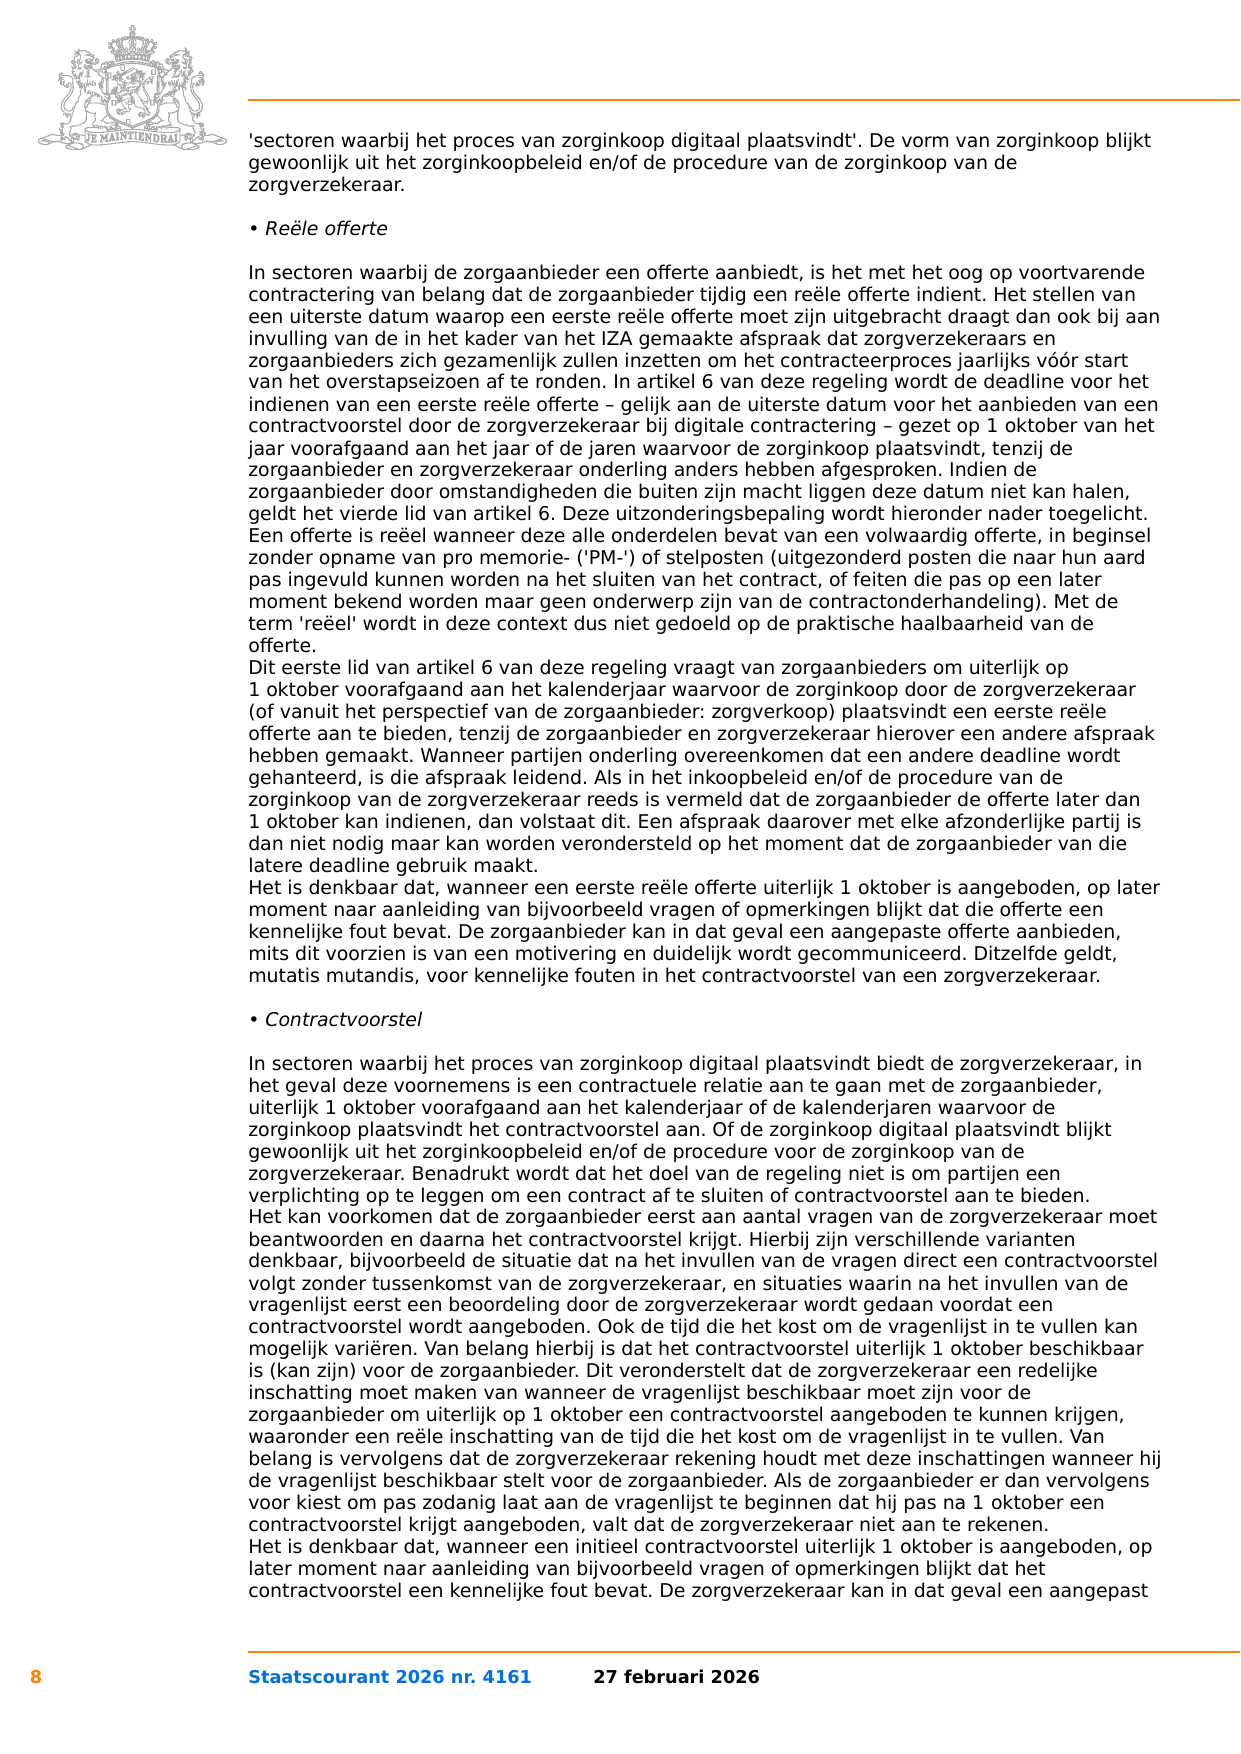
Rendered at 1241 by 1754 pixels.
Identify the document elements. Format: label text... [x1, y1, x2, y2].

text Een offerte is reëel wanneer deze alle onderdelen bevat van een volwaardig offerte, in beginsel zonder opname van pro memorie- ('PM-') of stelposten (uitgezonderd posten die naar hun aard pas ingevuld kunnen worden na het sluiten van het contract, of feiten die pas op een later moment bekend worden maar geen onderwerp zijn van de contractonderhandeling). Met de term 'reëel' wordt in deze context dus niet gedoeld op de praktische haalbaarheid van de offerte. [248, 525, 1163, 657]
text In sectoren waarbij de zorgaanbieder een offerte aanbiedt, is het met het oog op voortvarende contractering van belang dat de zorgaanbieder tijdig een reële offerte indient. Het stellen van een uiterste datum waarop een eerste reële offerte moet zijn uitgebracht draagt dan ook bij aan invulling van de in het kader van het IZA gemaakte afspraak dat zorgverzekeraars en zorgaanbieders zich gezamenlijk zullen inzetten om het contracteerproces jaarlijks vóór start van het overstapseizoen af te ronden. In artikel 6 van deze regeling wordt de deadline voor het indienen van een eerste reële offerte – gelijk aan de uiterste datum voor het aanbieden van een contractvoorstel door de zorgverzekeraar bij digitale contractering – gezet op 1 oktober van het jaar voorafgaand aan het jaar of de jaren waarvoor de zorginkoop plaatsvindt, tenzij de zorgaanbieder en zorgverzekeraar onderling anders hebben afgesproken. Indien de zorgaanbieder door omstandigheden die buiten zijn macht liggen deze datum niet kan halen, geldt het vierde lid van artikel 6. Deze uitzonderingsbepaling wordt hieronder nader toegelicht. [248, 262, 1163, 525]
text In sectoren waarbij het proces van zorginkoop digitaal plaatsvindt biedt de zorgverzekeraar, in het geval deze voornemens is een contractuele relatie aan te gaan met de zorgaanbieder, uiterlijk 1 oktober voorafgaand aan het kalenderjaar of de kalenderjaren waarvoor de zorginkoop plaatsvindt het contractvoorstel aan. Of de zorginkoop digitaal plaatsvindt blijkt gewoonlijk uit het zorginkoopbeleid en/of de procedure voor de zorginkoop van de zorgverzekeraar. Benadrukt wordt dat het doel van de regeling niet is om partijen een verplichting op te leggen om een contract af te sluiten of contractvoorstel aan te bieden. [248, 1053, 1163, 1206]
picture [38, 25, 227, 150]
text Het is denkbaar dat, wanneer een initieel contractvoorstel uiterlijk 1 oktober is aangeboden, op later moment naar aanleiding van bijvoorbeeld vragen of opmerkingen blijkt dat het contractvoorstel een kennelijke fout bevat. De zorgverzekeraar kan in dat geval een aangepast [248, 1536, 1163, 1602]
text Het is denkbaar dat, wanneer een eerste reële offerte uiterlijk 1 oktober is aangeboden, op later moment naar aanleiding van bijvoorbeeld vragen of opmerkingen blijkt dat die offerte een kennelijke fout bevat. De zorgaanbieder kan in dat geval een aangepaste offerte aanbieden, mits dit voorzien is van een motivering en duidelijk wordt gecommuniceerd. Ditzelfde geldt, mutatis mutandis, voor kennelijke fouten in het contractvoorstel van een zorgverzekeraar. [248, 877, 1163, 987]
subtitle • Contractvoorstel [248, 1009, 1163, 1031]
text 'sectoren waarbij het proces van zorginkoop digitaal plaatsvindt'. De vorm van zorginkoop blijkt gewoonlijk uit het zorginkoopbeleid en/of de procedure van de zorginkoop van de zorgverzekeraar. [248, 130, 1163, 196]
text Dit eerste lid van artikel 6 van deze regeling vraagt van zorgaanbieders om uiterlijk op 1 oktober voorafgaand aan het kalenderjaar waarvoor de zorginkoop door de zorgverzekeraar (of vanuit het perspectief van de zorgaanbieder: zorgverkoop) plaatsvindt een eerste reële offerte aan te bieden, tenzij de zorgaanbieder en zorgverzekeraar hierover een andere afspraak hebben gemaakt. Wanneer partijen onderling overeenkomen dat een andere deadline wordt gehanteerd, is die afspraak leidend. Als in het inkoopbeleid en/of de procedure van de zorginkoop van de zorgverzekeraar reeds is vermeld dat de zorgaanbieder de offerte later dan 1 oktober kan indienen, dan volstaat dit. Een afspraak daarover met elke afzonderlijke partij is dan niet nodig maar kan worden verondersteld op het moment dat de zorgaanbieder van die latere deadline gebruik maakt. [248, 657, 1163, 877]
text Het kan voorkomen dat de zorgaanbieder eerst aan aantal vragen van de zorgverzekeraar moet beantwoorden en daarna het contractvoorstel krijgt. Hierbij zijn verschillende varianten denkbaar, bijvoorbeeld de situatie dat na het invullen van de vragen direct een contractvoorstel volgt zonder tussenkomst van de zorgverzekeraar, en situaties waarin na het invullen van de vragenlijst eerst een beoordeling door de zorgverzekeraar wordt gedaan voordat een contractvoorstel wordt aangeboden. Ook de tijd die het kost om de vragenlijst in te vullen kan mogelijk variëren. Van belang hierbij is dat het contractvoorstel uiterlijk 1 oktober beschikbaar is (kan zijn) voor de zorgaanbieder. Dit veronderstelt dat de zorgverzekeraar een redelijke inschatting moet maken van wanneer de vragenlijst beschikbaar moet zijn voor de zorgaanbieder om uiterlijk op 1 oktober een contractvoorstel aangeboden te kunnen krijgen, waaronder een reële inschatting van de tijd die het kost om de vragenlijst in te vullen. Van belang is vervolgens dat de zorgverzekeraar rekening houdt met deze inschattingen wanneer hij de vragenlijst beschikbaar stelt voor de zorgaanbieder. Als de zorgaanbieder er dan vervolgens voor kiest om pas zodanig laat aan de vragenlijst te beginnen dat hij pas na 1 oktober een contractvoorstel krijgt aangeboden, valt dat de zorgverzekeraar niet aan te rekenen. [248, 1206, 1163, 1536]
subtitle • Reële offerte [248, 218, 1163, 240]

◆ ◆ ◆ ◆ ◆ ◆ ◆

WORK TO BE COMPLETED: In the records, which lines mention the word "subtitle"? Copy those lines.

ANSWER SECTION:
subtitle • Contractvoorstel [248, 1009, 1163, 1031]
subtitle • Reële offerte [248, 218, 1163, 240]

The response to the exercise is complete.